The Group has incurred a net loss after tax for the year ended 31 December 2008 of $0.835 mil (2007: $1.789 mil). However it did experience net cash inflows from operating activities of $1.609 mil (2007: net cash outflows of $0.532 mil). As at 31 December 2008, the Group had net current liabilities of $5,295 mil (31 December 2007: net current liabilities of $10.488 mil).
The Directors believe that there are sufficient funding strategies and alternatives to meet the Group’s working capital requirements and are confident the Group will be able to raise the required funds in the future. However, the Directors recognise that the ability of the Group to continue as a going concern and to pay its debts as and when they fall due is dependent on its ability to secure additional funding through either the issue of further shares and or options, convertible notes or entering into negotiations with third parties regarding the sale and/or farm out of assets of the Company; or a combination thereof.
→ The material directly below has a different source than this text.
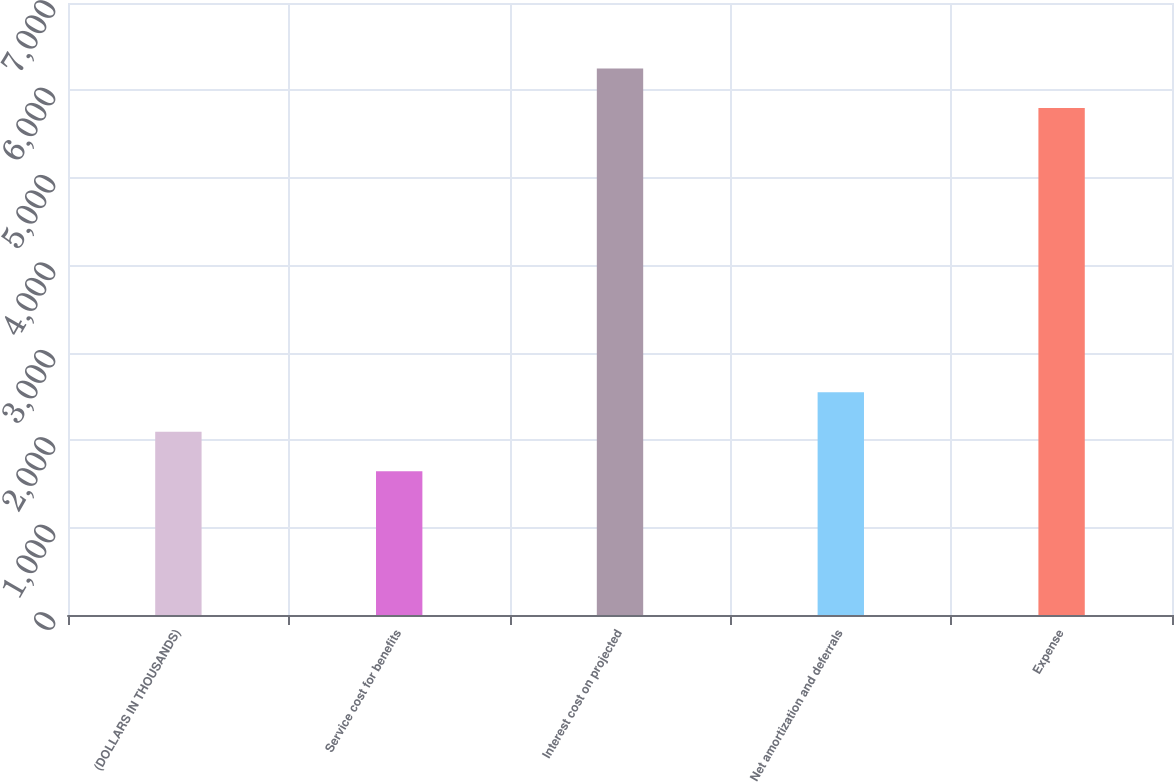Convert chart. <chart><loc_0><loc_0><loc_500><loc_500><bar_chart><fcel>(DOLLARS IN THOUSANDS)<fcel>Service cost for benefits<fcel>Interest cost on projected<fcel>Net amortization and deferrals<fcel>Expense<nl><fcel>2096.2<fcel>1644<fcel>6250.2<fcel>2548.4<fcel>5798<nl></chart>

During the year ended 31 December 2008, the Group successfully raised $3.9 million (before costs) by way of a non renounceable underwritten rights issue at 8 cents per share, which was completed in September 2008. It was also able to raise additional secured debt capital from Sterling Bank in the US and from Australian based lenders to assist with funding a total of US$4.5 million in strategic acquisitions. The Group also sold its Lone Camp project in December 2008 for US$2 million (at a significant profit). At the end of the year, in spite of a net acquisition base in the year of US$2.5 million it had still been able to reduce its US bank debt by US$740,000 and its Australian denominated debt by more than A$100,000.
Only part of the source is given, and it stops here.